Prenez un instant avant d’engloutir votre sixième expresso : une nouvelle étude australienne met un sérieux coup de frein sur la machine à café. Car si la boisson noire a parfois bonne presse, on ne pourra pas dire qu’on n’était pas prévenus…
Café : boisson miracle ou faux-ami du cerveau ?
Entre celles et ceux qui vantent ses vertus pour vivre plus longtemps (où sont les preuves, nom d’un arabica ?) et d’autres qui lui collent tous les maux du cerveau, le café fait débat. Mais voilà qu’une équipe de chercheurs de l’Université d’Australie-Méridionale s’est penchée sur le sujet. Leur objectif : trancher une bonne fois pour toutes. Leur conclusion ? Comme souvent dans la vie, tout est question d’équilibre, surtout pour notre précieuse caboche.

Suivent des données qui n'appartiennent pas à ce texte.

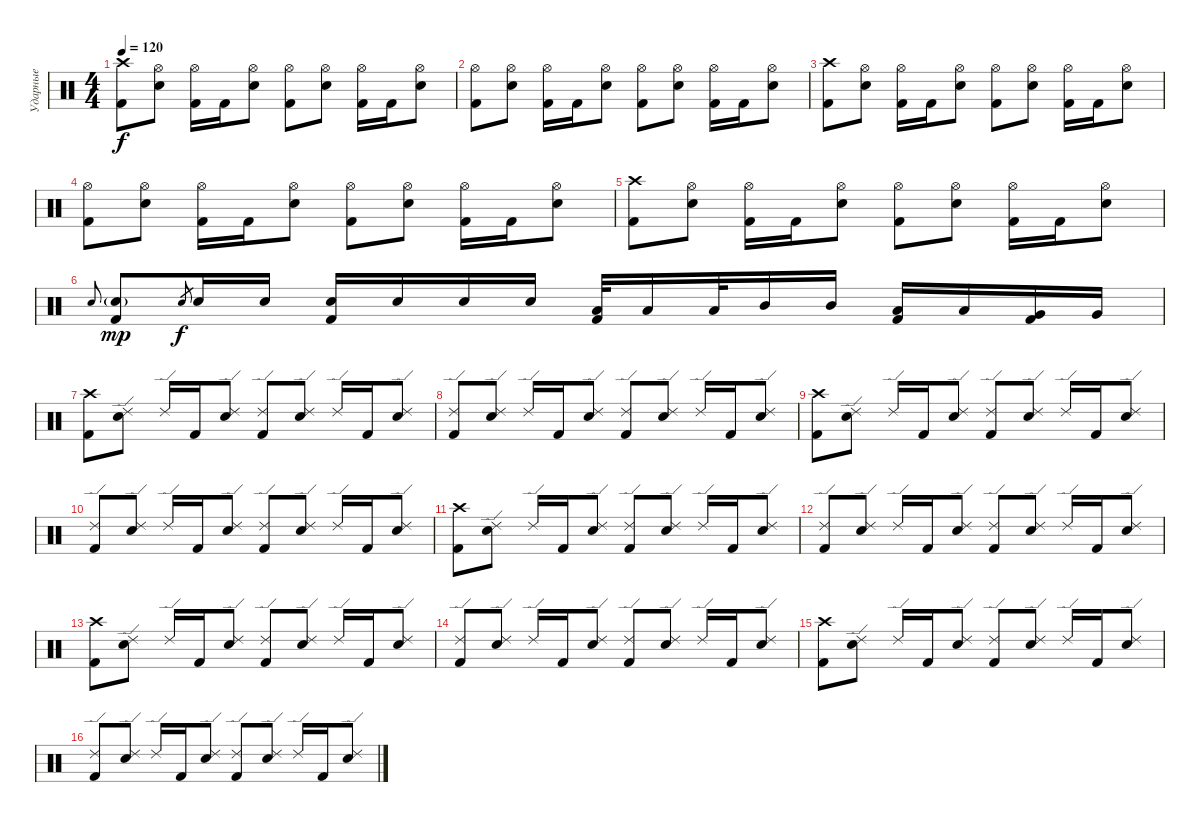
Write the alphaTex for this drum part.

\track ("Ударные" "Ударные") {instrument percussion}
\staff {score}
\articulation defaults
\ts (4 4)
\tempo 120
\clef neutral
\ks c
("Kick (hit) 2" "Crash high (hit)").8{dy f} ("Electric Snare (hit)" "Hi-Hat (open)").8 ("Kick (hit) 2" "Hi-Hat (open)").16 "Kick (hit) 2".16 ("Electric Snare (hit)" "Hi-Hat (open)").8 ("Kick (hit) 2" "Hi-Hat (open)").8 ("Electric Snare (hit)" "Hi-Hat (open)").8 ("Kick (hit) 2" "Hi-Hat (open)").16 "Kick (hit) 2".16 ("Electric Snare (hit)" "Hi-Hat (open)").8 |
("Kick (hit) 2" "Hi-Hat (open)").8 ("Electric Snare (hit)" "Hi-Hat (open)").8 ("Kick (hit) 2" "Hi-Hat (open)").16 "Kick (hit) 2".16 ("Electric Snare (hit)" "Hi-Hat (open)").8 ("Kick (hit) 2" "Hi-Hat (open)").8 ("Electric Snare (hit)" "Hi-Hat (open)").8 ("Kick (hit) 2" "Hi-Hat (open)").16 "Kick (hit) 2".16 ("Electric Snare (hit)" "Hi-Hat (open)").8 |
("Kick (hit) 2" "Crash high (hit)").8 ("Electric Snare (hit)" "Hi-Hat (open)").8 ("Kick (hit) 2" "Hi-Hat (open)").16 "Kick (hit) 2".16 ("Electric Snare (hit)" "Hi-Hat (open)").8 ("Kick (hit) 2" "Hi-Hat (open)").8 ("Electric Snare (hit)" "Hi-Hat (open)").8 ("Kick (hit) 2" "Hi-Hat (open)").16 "Kick (hit) 2".16 ("Electric Snare (hit)" "Hi-Hat (open)").8 |
("Kick (hit) 2" "Hi-Hat (open)").8 ("Electric Snare (hit)" "Hi-Hat (open)").8 ("Kick (hit) 2" "Hi-Hat (open)").16 "Kick (hit) 2".16 ("Electric Snare (hit)" "Hi-Hat (open)").8 ("Kick (hit) 2" "Hi-Hat (open)").8 ("Electric Snare (hit)" "Hi-Hat (open)").8 ("Kick (hit) 2" "Hi-Hat (open)").16 "Kick (hit) 2".16 ("Electric Snare (hit)" "Hi-Hat (open)").8 |
("Kick (hit) 2" "Crash high (hit)").8 ("Electric Snare (hit)" "Hi-Hat (open)").8 ("Kick (hit) 2" "Hi-Hat (open)").16 "Kick (hit) 2".16 ("Electric Snare (hit)" "Hi-Hat (open)").8 ("Kick (hit) 2" "Hi-Hat (open)").8 ("Electric Snare (hit)" "Hi-Hat (open)").8 ("Kick (hit) 2" "Hi-Hat (open)").16 "Kick (hit) 2".16 ("Electric Snare (hit)" "Hi-Hat (open)").8 |
"Electric Snare (hit)".8{gr onbeat} ("Kick (hit) 2" "Electric Snare (hit)"{g}).8{dy mp} "Electric Snare (hit)".8{gr dy f} "Electric Snare (hit)".16 "Electric Snare (hit)".16 ("Electric Snare (hit)" "Kick (hit) 2").16 "Electric Snare (hit)".16 "Electric Snare (hit)".16 "Electric Snare (hit)".16 ("Low Tom (hit)" "Kick (hit) 2").32 "Low Tom (hit)".16 "Low Tom (hit)".32 "Mid Tom (hit)".16 "Mid Tom (hit)".16 ("Low Tom (hit)" "Kick (hit) 2").16 "Low Tom (hit)".16 ("Very Low Tom (hit)" "Kick (hit) 2").16 "Very Low Tom (hit)".16 |
("Kick (hit) 2" "Crash high (hit)").8 ("Electric Snare (hit)" "Ride (edge) 2").8 "Ride (edge) 2".16 "Kick (hit) 2".16 ("Electric Snare (hit)" "Ride (edge) 2").8 ("Kick (hit) 2" "Ride (edge) 2").8 ("Electric Snare (hit)" "Ride (edge) 2").8 "Ride (edge) 2".16 "Kick (hit) 2".16 ("Electric Snare (hit)" "Ride (edge) 2").8 |
("Kick (hit) 2" "Ride (edge) 2").8 ("Electric Snare (hit)" "Ride (edge) 2").8 "Ride (edge) 2".16 "Kick (hit) 2".16 ("Electric Snare (hit)" "Ride (edge) 2").8 ("Kick (hit) 2" "Ride (edge) 2").8 ("Electric Snare (hit)" "Ride (edge) 2").8 "Ride (edge) 2".16 "Kick (hit) 2".16 ("Electric Snare (hit)" "Ride (edge) 2").8 |
("Kick (hit) 2" "Crash high (hit)").8 ("Electric Snare (hit)" "Ride (edge) 2").8 "Ride (edge) 2".16 "Kick (hit) 2".16 ("Electric Snare (hit)" "Ride (edge) 2").8 ("Kick (hit) 2" "Ride (edge) 2").8 ("Electric Snare (hit)" "Ride (edge) 2").8 "Ride (edge) 2".16 "Kick (hit) 2".16 ("Electric Snare (hit)" "Ride (edge) 2").8 |
("Kick (hit) 2" "Ride (edge) 2").8 ("Electric Snare (hit)" "Ride (edge) 2").8 "Ride (edge) 2".16 "Kick (hit) 2".16 ("Electric Snare (hit)" "Ride (edge) 2").8 ("Kick (hit) 2" "Ride (edge) 2").8 ("Electric Snare (hit)" "Ride (edge) 2").8 "Ride (edge) 2".16 "Kick (hit) 2".16 ("Electric Snare (hit)" "Ride (edge) 2").8 |
("Kick (hit) 2" "Crash high (hit)").8 ("Electric Snare (hit)" "Ride (edge) 2").8 "Ride (edge) 2".16 "Kick (hit) 2".16 ("Electric Snare (hit)" "Ride (edge) 2").8 ("Kick (hit) 2" "Ride (edge) 2").8 ("Electric Snare (hit)" "Ride (edge) 2").8 "Ride (edge) 2".16 "Kick (hit) 2".16 ("Electric Snare (hit)" "Ride (edge) 2").8 |
("Kick (hit) 2" "Ride (edge) 2").8 ("Electric Snare (hit)" "Ride (edge) 2").8 "Ride (edge) 2".16 "Kick (hit) 2".16 ("Electric Snare (hit)" "Ride (edge) 2").8 ("Kick (hit) 2" "Ride (edge) 2").8 ("Electric Snare (hit)" "Ride (edge) 2").8 "Ride (edge) 2".16 "Kick (hit) 2".16 ("Electric Snare (hit)" "Ride (edge) 2").8 |
("Kick (hit) 2" "Crash high (hit)").8 ("Electric Snare (hit)" "Ride (edge) 2").8 "Ride (edge) 2".16 "Kick (hit) 2".16 ("Electric Snare (hit)" "Ride (edge) 2").8 ("Kick (hit) 2" "Ride (edge) 2").8 ("Electric Snare (hit)" "Ride (edge) 2").8 "Ride (edge) 2".16 "Kick (hit) 2".16 ("Electric Snare (hit)" "Ride (edge) 2").8 |
("Kick (hit) 2" "Ride (edge) 2").8 ("Electric Snare (hit)" "Ride (edge) 2").8 "Ride (edge) 2".16 "Kick (hit) 2".16 ("Electric Snare (hit)" "Ride (edge) 2").8 ("Kick (hit) 2" "Ride (edge) 2").8 ("Electric Snare (hit)" "Ride (edge) 2").8 "Ride (edge) 2".16 "Kick (hit) 2".16 ("Electric Snare (hit)" "Ride (edge) 2").8 |
("Kick (hit) 2" "Crash high (hit)").8 ("Electric Snare (hit)" "Ride (edge) 2").8 "Ride (edge) 2".16 "Kick (hit) 2".16 ("Electric Snare (hit)" "Ride (edge) 2").8 ("Kick (hit) 2" "Ride (edge) 2").8 ("Electric Snare (hit)" "Ride (edge) 2").8 "Ride (edge) 2".16 "Kick (hit) 2".16 ("Electric Snare (hit)" "Ride (edge) 2").8 |
("Kick (hit) 2" "Ride (edge) 2").8 ("Electric Snare (hit)" "Ride (edge) 2").8 "Ride (edge) 2".16 "Kick (hit) 2".16 ("Electric Snare (hit)" "Ride (edge) 2").8 ("Kick (hit) 2" "Ride (edge) 2").8 ("Electric Snare (hit)" "Ride (edge) 2").8 "Ride (edge) 2".16 "Kick (hit) 2".16 ("Electric Snare (hit)" "Ride (edge) 2").8

La plus grande étude jamais menée sur le café et la santé cérébrale
Si vous pensez « encore une micro-étude sur 18 personnes », détrompez-vous. Les chercheurs ont examiné en profondeur pas moins de 17 702 participants britanniques (oui, les Anglais boivent aussi du café !), âgés de 37 à 73 ans, issus de la Biobank du Royaume-Uni. L’enquête, publiée dans la revue Nutritional Neuroscience, a de quoi faire trembler les amateurs de percolateur : une consommation de plus de six tasses par jour est associée à un volume cérébral total plus réduit et à un risque de démence accru.
On vous fait le résumé :
- Consommer plus de six tasses de café par jour = cerveau plus petit (statistiquement, rassurez-vous, votre crâne ne va pas rétrécir d’un coup),
- 53 % de risque de démence en plus comparé à ceux qui sirotent gentiment 1 à 2 tasses par jour,
- Tous les composants du cerveau sont concernés : matière grise, matière blanche et même l’hippocampe, le quartier général de la mémoire.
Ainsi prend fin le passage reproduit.